A further experiment was investigating how the length of individual rollouts affects performance. The authors performed a parameter searching. Figure 5(right) shows the influence of the rollout length. The strategy using 3 rollout steps improves the speed of learning and improves the performance significantly than 1 step, and 5 is the optimal number. This implies rollout can be very helpful and informative. This rollout enables the agent to learn moves it cannot recover from.

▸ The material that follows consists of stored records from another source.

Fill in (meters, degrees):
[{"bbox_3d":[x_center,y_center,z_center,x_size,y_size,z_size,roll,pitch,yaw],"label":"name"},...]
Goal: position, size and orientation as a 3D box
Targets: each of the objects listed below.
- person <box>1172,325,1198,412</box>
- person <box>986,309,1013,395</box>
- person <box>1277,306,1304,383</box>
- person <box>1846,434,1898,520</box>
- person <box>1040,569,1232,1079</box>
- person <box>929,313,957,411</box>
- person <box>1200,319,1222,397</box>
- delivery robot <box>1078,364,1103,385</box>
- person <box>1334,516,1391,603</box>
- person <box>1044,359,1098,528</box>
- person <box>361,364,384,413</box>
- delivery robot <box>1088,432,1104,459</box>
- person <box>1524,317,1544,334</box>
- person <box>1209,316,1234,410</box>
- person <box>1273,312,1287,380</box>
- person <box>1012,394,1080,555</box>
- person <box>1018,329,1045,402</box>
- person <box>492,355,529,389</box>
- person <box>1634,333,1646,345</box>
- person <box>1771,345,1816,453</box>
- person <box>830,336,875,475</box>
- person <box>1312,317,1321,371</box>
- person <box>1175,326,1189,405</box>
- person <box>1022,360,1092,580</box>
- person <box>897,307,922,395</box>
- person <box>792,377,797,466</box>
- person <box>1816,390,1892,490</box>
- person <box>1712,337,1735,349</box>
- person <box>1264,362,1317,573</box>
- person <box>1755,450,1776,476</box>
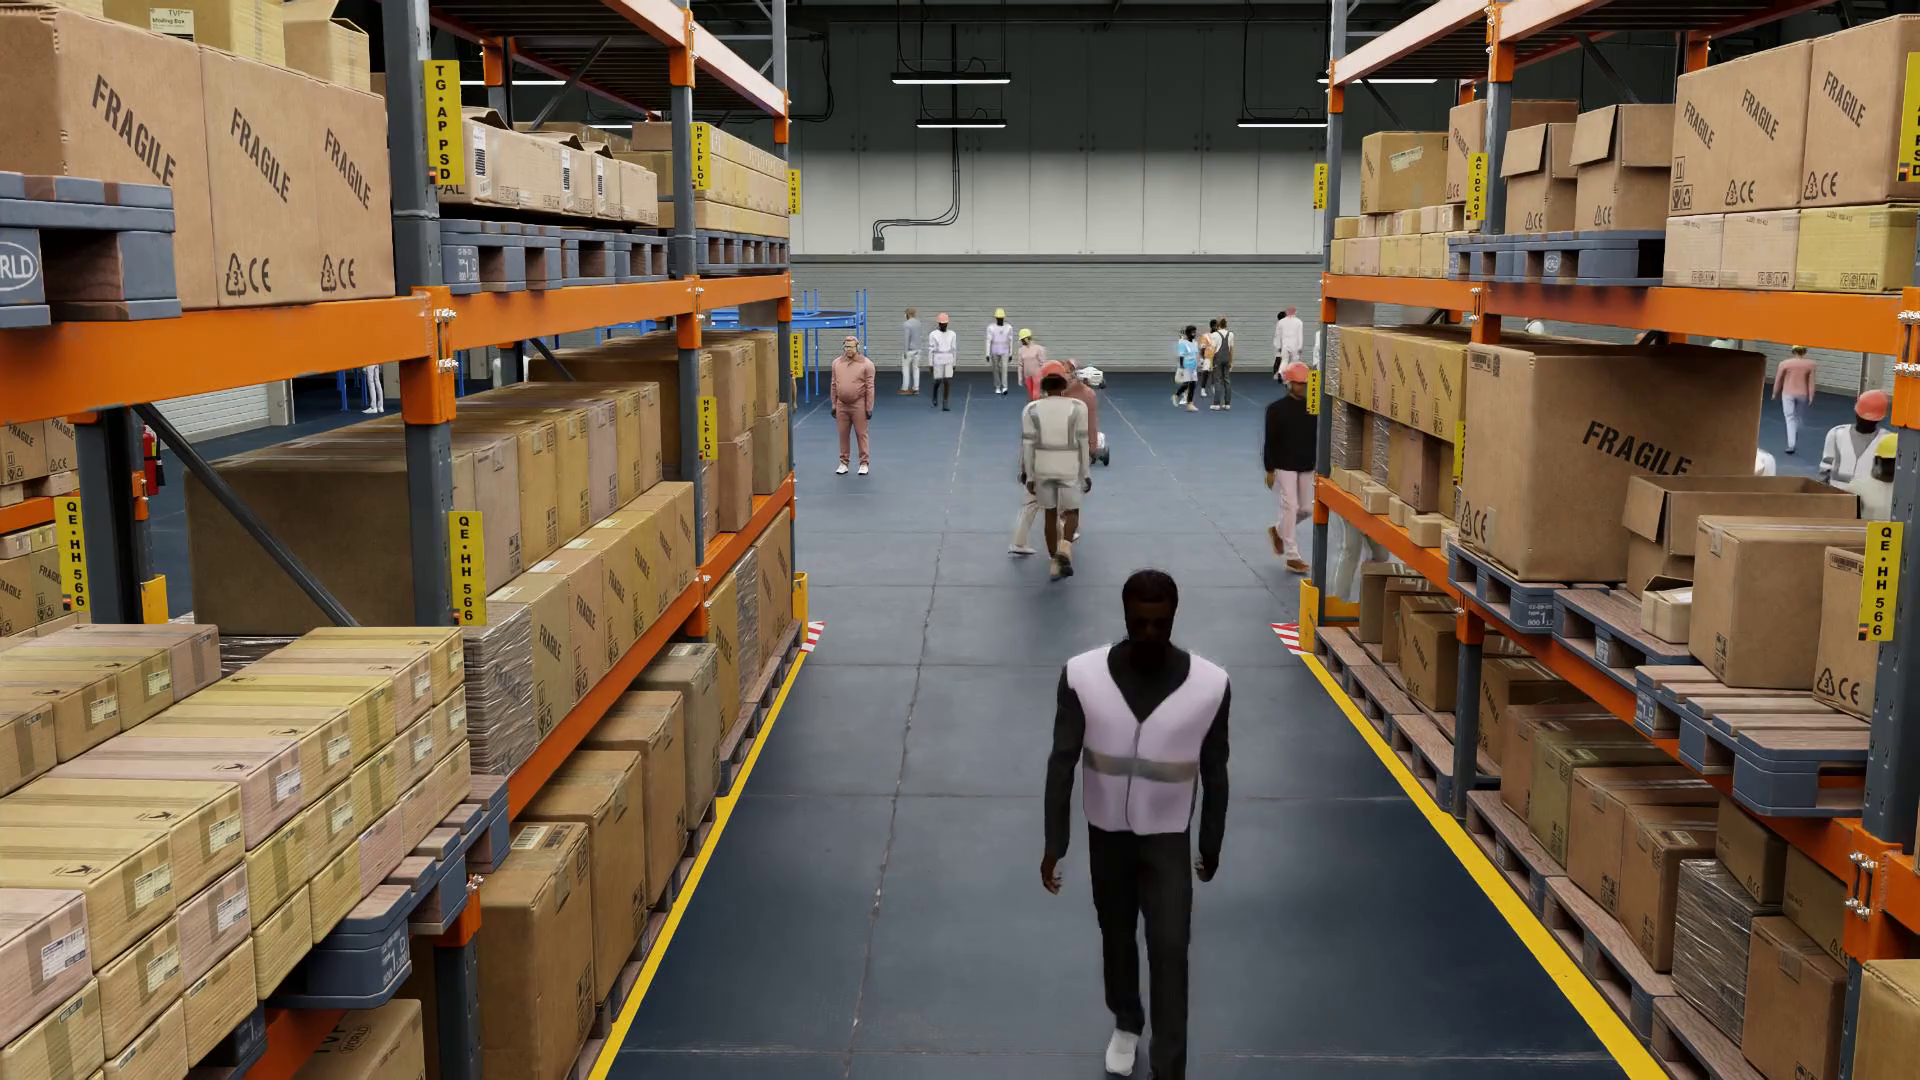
[{"bbox_3d":[4.435,-3.364,32.542,0.547,1.685,0.448,-9,13,-42],"label":"person"},{"bbox_3d":[0.873,-4.125,36.555,0.606,1.866,1.010,-1,10,-5],"label":"person"},{"bbox_3d":[7.796,-4.588,39.300,0.644,1.890,0.581,6,11,33],"label":"person"},{"bbox_3d":[6.434,0.116,11.606,0.514,1.712,0.886,4,10,23],"label":"person"},{"bbox_3d":[0.593,1.035,5.658,0.615,1.874,0.966,2,10,12],"label":"person"},{"bbox_3d":[-0.343,-3.523,32.817,0.543,1.923,0.531,-3,10,-16],"label":"person"},{"bbox_3d":[5.461,-3.931,35.976,0.553,1.675,0.499,-3,10,-18],"label":"person"},{"bbox_3d":[3.028,-3.841,38.641,0.477,0.478,0.707,-4,10,-21],"label":"delivery robot"},{"bbox_3d":[3.278,-0.244,13.222,0.661,1.904,0.585,3,10,19],"label":"person"},{"bbox_3d":[1.092,-0.999,17.877,0.660,1.859,0.942,7,12,35],"label":"person"},{"bbox_3d":[-11.402,-3.394,32.184,0.319,1.871,0.532,3,10,15],"label":"person"},{"bbox_3d":[1.920,-1.429,24.191,0.477,0.478,0.707,1,10,5],"label":"delivery robot"},{"bbox_3d":[12.472,-4.093,35.991,1.009,2.000,0.675,0,9,1],"label":"person"},{"bbox_3d":[5.161,-3.497,32.874,0.508,1.844,0.332,-3,10,-19],"label":"person"},{"bbox_3d":[7.944,-4.820,41.271,0.322,1.689,0.530,3,10,16],"label":"person"},{"bbox_3d":[0.866,-0.659,16.618,0.871,1.585,0.543,-5,11,-27],"label":"person"},{"bbox_3d":[1.261,-2.875,29.493,0.601,1.718,0.596,6,11,34],"label":"person"},{"bbox_3d":[-6.307,-1.976,23.540,0.603,1.930,0.546,-8,13,-41],"label":"person"},{"bbox_3d":[12.225,-2.904,29.955,0.498,1.634,0.279,-3,10,-19],"label":"person"},{"bbox_3d":[12.806,-2.208,25.553,0.541,1.717,0.923,2,10,10],"label":"person"},{"bbox_3d":[-1.489,-1.848,22.859,0.636,1.899,0.401,4,10,20],"label":"person"},{"bbox_3d":[7.216,-3.513,32.893,0.444,1.868,0.603,-6,11,-30],"label":"person"},{"bbox_3d":[4.592,-3.564,33.965,0.383,1.602,0.548,-6,11,-32],"label":"person"},{"bbox_3d":[0.874,-0.623,15.145,0.640,2.021,0.603,2,10,12],"label":"person"},{"bbox_3d":[-1.091,-4.161,36.625,0.472,1.921,0.675,6,11,34],"label":"person"},{"bbox_3d":[-2.609,-1.964,23.716,0.563,1.838,0.388,0,9,-1],"label":"person"},{"bbox_3d":[7.180,-0.271,13.425,0.632,1.884,0.724,7,12,34],"label":"person"},{"bbox_3d":[15.443,-3.524,33.704,0.523,1.617,0.397,-2,10,-9],"label":"person"},{"bbox_3d":[3.139,-0.710,15.781,0.631,1.980,0.673,-4,10,-23],"label":"person"},{"bbox_3d":[5.508,-0.007,11.936,0.575,1.852,0.824,5,10,25],"label":"person"}]

Figure 6: Experiments with a noisy environment model Left: each row shows an example 5-step rollout after conditioning on an environment observation. Errors accumulate and lead to various artifacts, including missing or duplicate sprites. Right: comparison of Monte-Carlo (MC) search and I2A when using either the accurate or the noisy model for rollouts.

Imperfections

To demonstrate I2A can handle less reliable predictions, the authors set experiment where the I2A used a poor environment model(smaller number of parameters), where the error may accumulate across the rollout(Figure 6 left). As shown in figure 6(right), even with relatively poor environment model, the performance of I2A is stable, unlike traditional Monte-Carlo search, which explicitly estimates the value of each action from rollouts, rather than learning an arbitrary encoding of the rollouts. An interesting result is that a rollout length 5 no longer outperforms a length of 3, which matches our common sense. The authors suggest that it is learning a rollout encoder that enables I2As to deal with imperfect model predictions.

Perfections

As I2A shows the robustness towards environment models, the authors tested an I2A agent with a nearly perfect environment model, and the results are in Table 1 and Table 2. Traditional Mento-Carlo Tree Search is tested as the baseline. From the table, although it is able to solve many levels, the search steps are very huge. On the contrary, I2A with the nearly perfect model can achieve the same fraction with much fewer steps.

Generalization

Lastly, the authors probe the generalization capabilities of I2As, beyond handling random level layouts in Sokoban. The agents were trained on levels with 4 boxes. Table 2 shows the performance of I2A when such an agent was tested on levels with different numbers of boxes, and that of the standard model-free agent for comparison. It turns out that I2As generalizes well; at 7 boxes, the I2A agent is still able to solve more than half of the levels, nearly as many as the standard agent on 4 boxes.